On-demand farming services with shared agricultural machinery

Abstract

Nowadays, rural households and even governments are faced with increasing yields with limited resources, and the extensive use of agricultural machinery is one of the most efficient methods for that. Agricultural machinery usually charges high prices, and it is economically impractical for small-scale farmers to afford them. The shared agricultural machinery (SAM) is racing ahead full throttle in the market. Rural households submit a usage request and their requirements of operations and time, and the company would provide on-demand farming services for them. This thesis proposes a framework to investigate how to provide on-demand farming services with shared agricultural machinery, from selecting and dispatching SAMs to assigning operators to SAMs.

The first study investigates the optimal selection and maintenance strategy for operational usage of SAMs. A dynamic joint optimization model is developed to formulate such a strategy design problem, considering repeated selections and inspection and maintenance over the planning period. The units of SAMs operational-use reliability upon selection and their reliability after selection in the storage are analyzed, which are the foundation of our optimization problem. The applicability of the proposed optimization problem is numerically verified.

The second study develops a novel two-step dispatching framework for shared agricultural machinery. In the first step, a model-based spatiotemporal clustering approach is developed to cluster farmlands according to their location, time windows, and crop strain. The shortest route within each cluster of farmlands is also determined. In the second step, shared agricultural machines are routed across the clusters to minimize the dispatching costs. These two steps are formulated as Mixed Integer Linear Programming models, and a threestep heuristic is proposed to solve these problems. The computational results demonstrate the efficiency, effectiveness, and practical value of the developed approach. The decreasing number of working agricultural machines would result in a longer traveling distance. Longer time windows and higher working efficiency could reduce the number of working agricultural machines and dispatching costs but increase the traveling distances.

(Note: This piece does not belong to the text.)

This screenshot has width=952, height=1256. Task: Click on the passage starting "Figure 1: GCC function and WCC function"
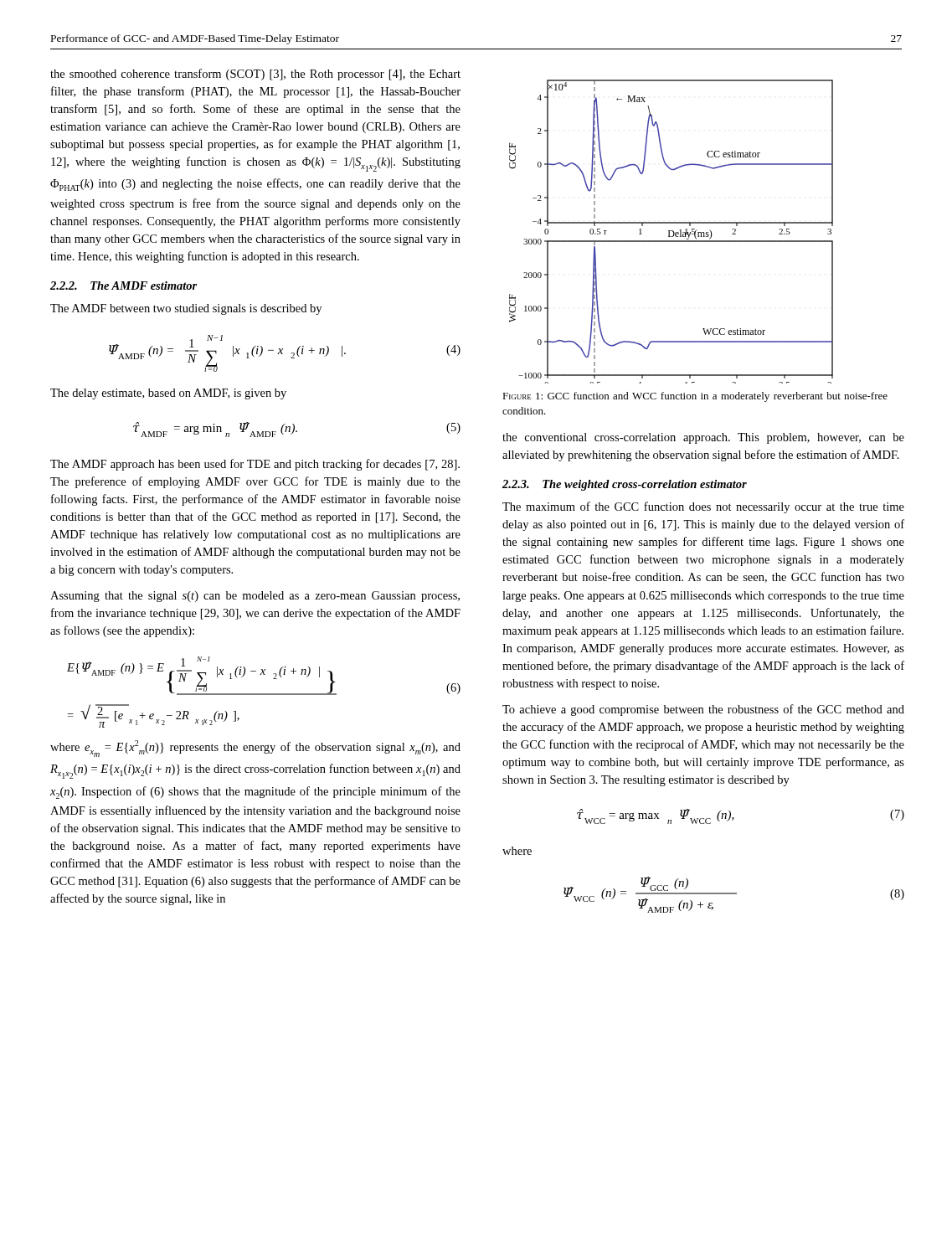tap(695, 404)
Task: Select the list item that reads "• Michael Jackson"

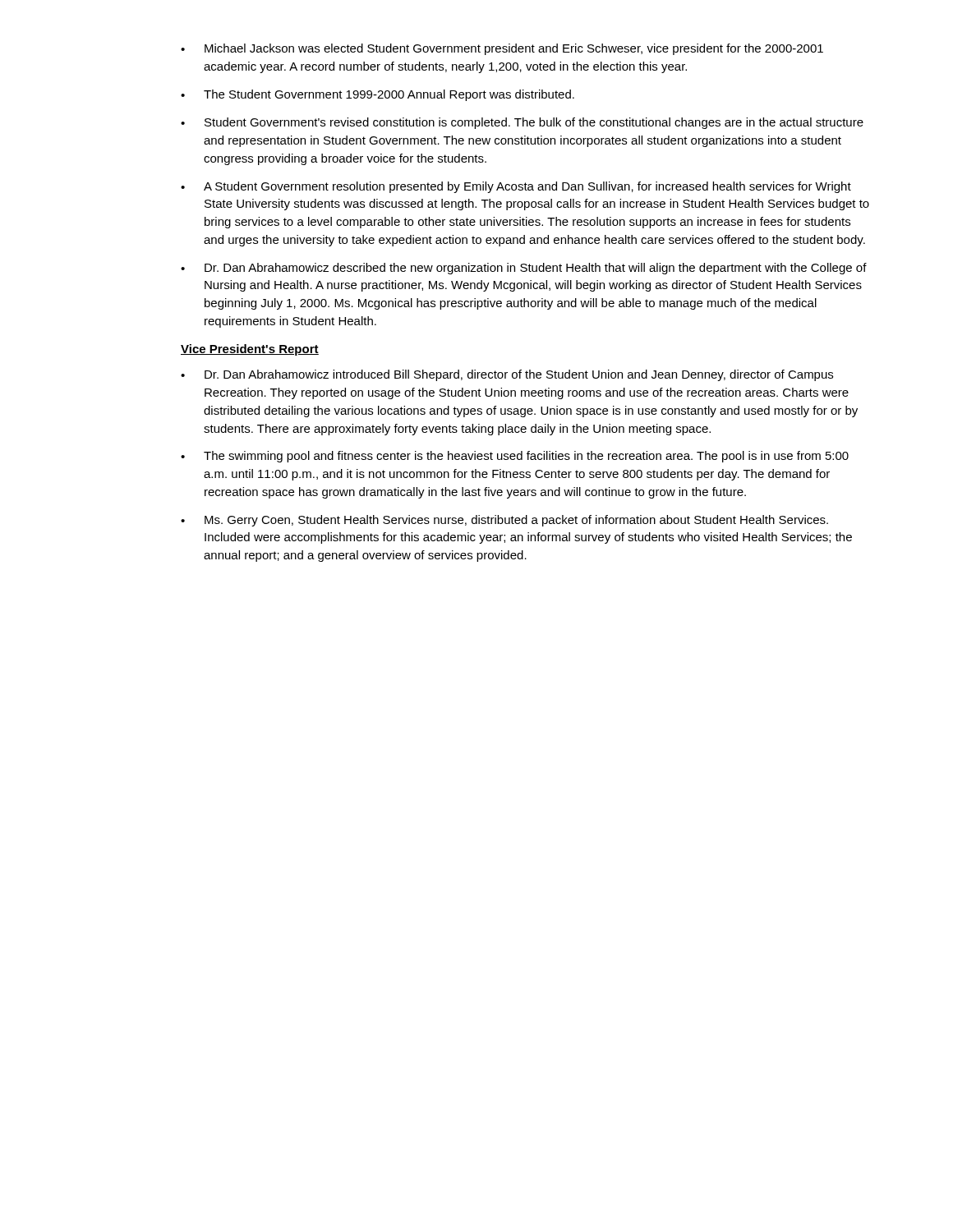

The third study proposes a methodology for operator assignment with shared agricultural machinery scheduling simultaneously. A mixed integer linear programming model is proposed to formulate our problem with the objective of minimizing the total working time and costs by determining the combinations of harvesters and operators and the routes of harvesters. Valid inequalities are derived for tightening the lower bounds after LP relaxation, which enables quickly solving problems of realistic size with near-optimal solutions. The corresponding heuristic algorithms are also developed. Computational studies are conducted to demonstrate the effectiveness and efficiency of our solution methodology and obtain managerial insights. Compared with the assigning-first routing-second approach, our joint decision-making method could reduce both working time and costs. Hiring more operators is not better than training employed ones to reduce the total working time and costs.